Even just now, writing this post, I had to get up to let the dog in, but when I sat back down, I checked my email before coming back to this. Is there anything else that needs my attention? Do I need to shift focus again? Is it okay to try to get back in the zone for another twenty minutes or so?
I’ve trained my brain to be like this, to just work shallowly around all the interruptions throughout my day, and I get stuff done, but not nearly as efficiently or satisfyingly as I could if I were able to actually focus, even for just a full hour at a time.
Thing is, I probably could, it’s just that I hate being pulled out of the focus zone so much, and it’s happened so often, that the fear (or certainty) of it happening again keeps me from allowing myself to really delve into anything at all. And I’ve trained myself to give into that fear, unfortunately. Which means to “fix” it, there are a couple of things I really need to work on.
The first is planning. I’ve gotten lazy about both keeping track of projects and scheduling the smaller parts of the whole. The only way to be able to focus on anything is to first know what it is I wanted to focus on in the first place. I have a ton of projects to keep track of for work, and also a bunch for both the house and my writing. Today I wasted a ton of time just trying to decide whether to clean first, or write this blog post, or do some editing, or rearrange furniture…and that’s only four different things! If I had a running list of to-dos, and then either late last night or first thing this morning, I looked at that list and my day and actually scheduled when I wanted to do what, I wouldn’t have wasted all that time. I would have had a plan to follow, and even if I was interrupted or thrown off the schedule, I still would have been able to pick it back up from the last undone thing, and could have continued from there.
I have the tools to do this. I have a main calendar program and a list program that is easily used for automated reminders and scheduling. I also have a digital paper tablet that I can hand-write on (which often works best for me when making initial lists before they get scheduled into the automated one). The only thing I don’t have? A routine habit for maintaining the system.

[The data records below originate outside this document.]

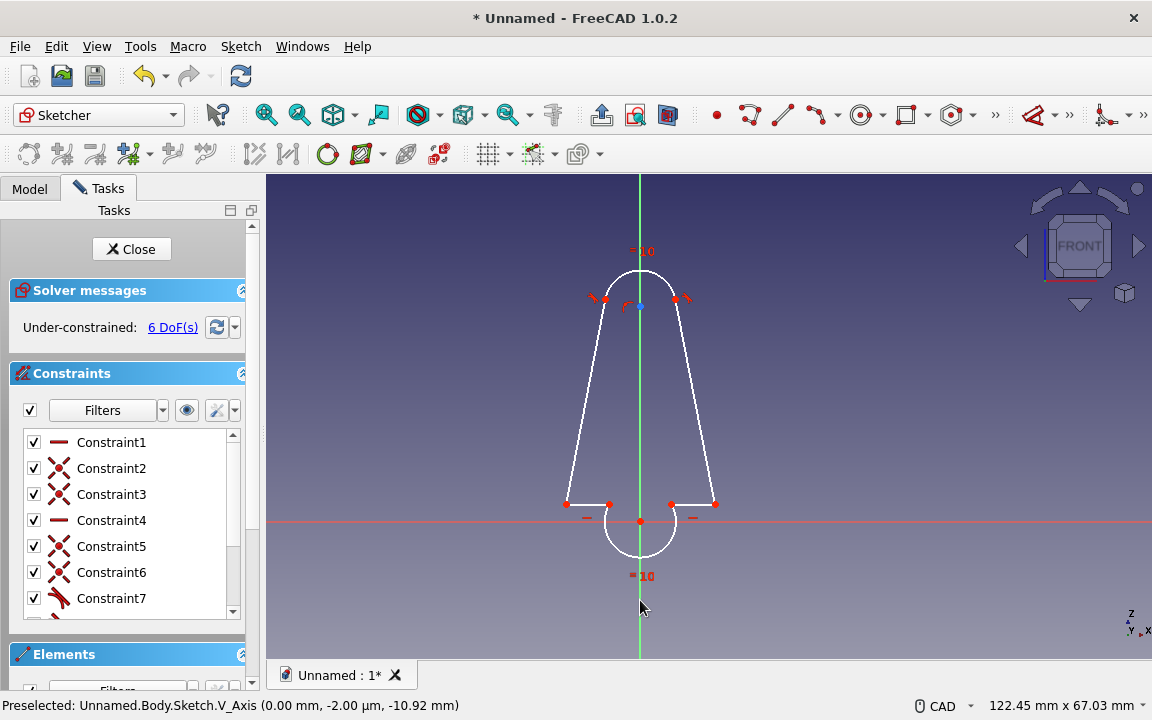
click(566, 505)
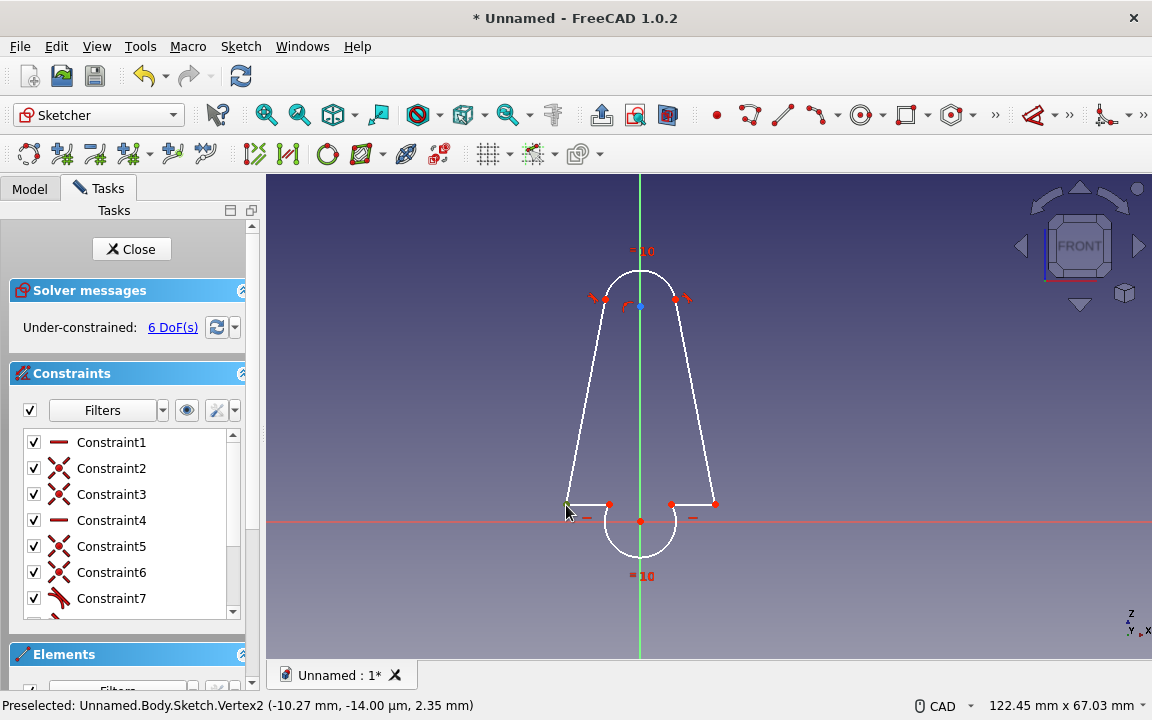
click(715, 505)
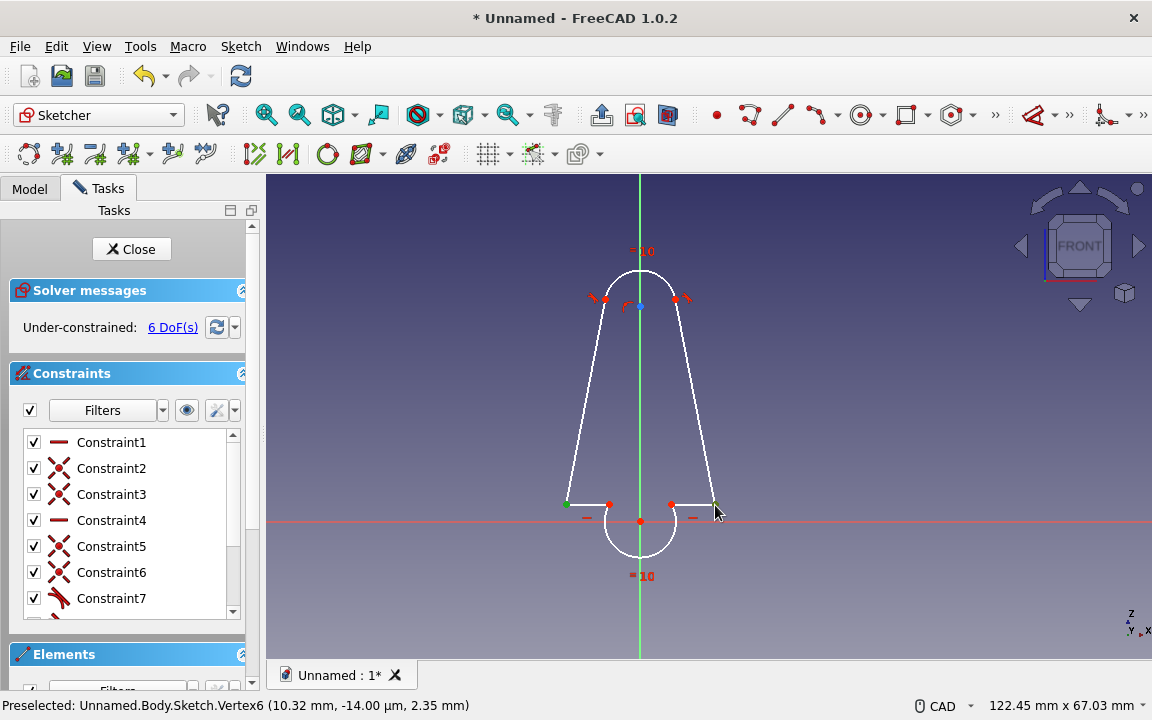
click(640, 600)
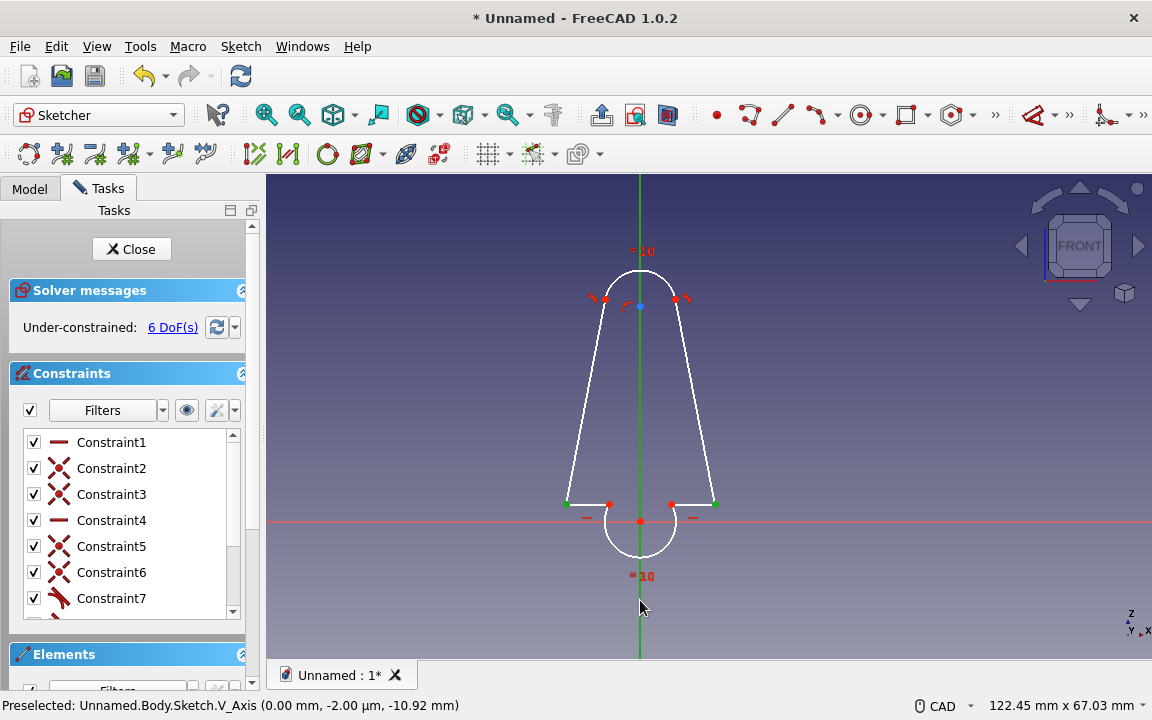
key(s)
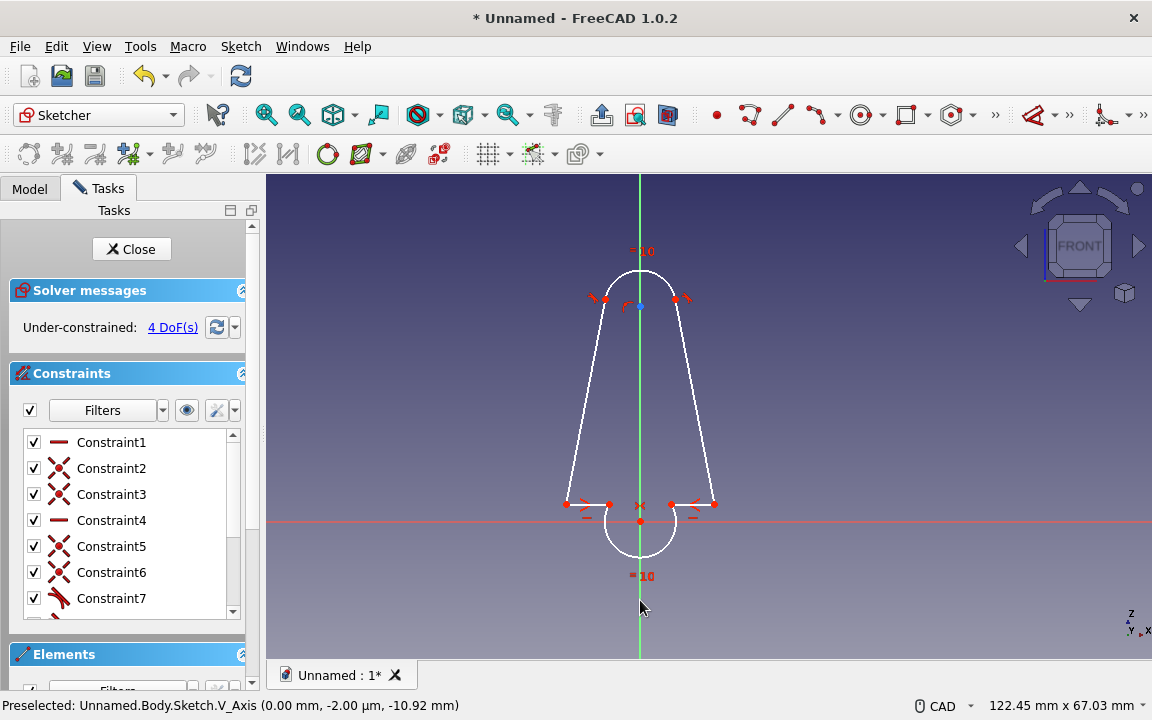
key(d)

The second thing I need will arguably be more difficult, and that is to somehow get over the fear of being interrupted, and learn to get into the “zone” of focused work more quickly so that even when I am interrupted, I don’t lose so much time. Part of that is knowing what I need to do when, but the other part is just retraining my brain so that when the interruption has been dealt with, I just check my list, figure out what I’m supposed to be working on next, and then just slide right back into it. That is a discipline thing, and it’s going to mostly involve using my to-do list to “trigger” my brain into focus-mode. It’s going to involve a lot of willpower.
I’ve been employing that throughout writing this post. Whenever I feel myself losing focus, I close my eyes briefly, remind myself that I’m writing a blog post, and then continue. I think what I’m going to do after I’ve finished this is to rearrange the screens on my cell phone so that my to-do list is the only thing on my home screen. That way, after any interruption throughout the day, I can unlock my phone, my to-do list will be right there, and at the top will be whatever is scheduled for the day and not yet checked off.
I think doing these two things – maintaining a to-do list/calendar and using it to trigger/ground my focus after every interruption, I can alieviate at least a little stress from my life, and hopefully spend more time actually focused on tasks rather than wondering what I should work on next or picking at things piecemeal throughout the day.
Next up on today’s impromptu to-do list: Update the actual to-do list, and schedule a time (either late night or early morning) to pick the priority items for any given day.
This sort of thing is why I should take vacation days more often. I have a hard time stepping back, looking at what’s causing me stress, and figuring out how to fix it when I don’t have time and space to just be quiet and think. Evaluation/re-evaluation days are important.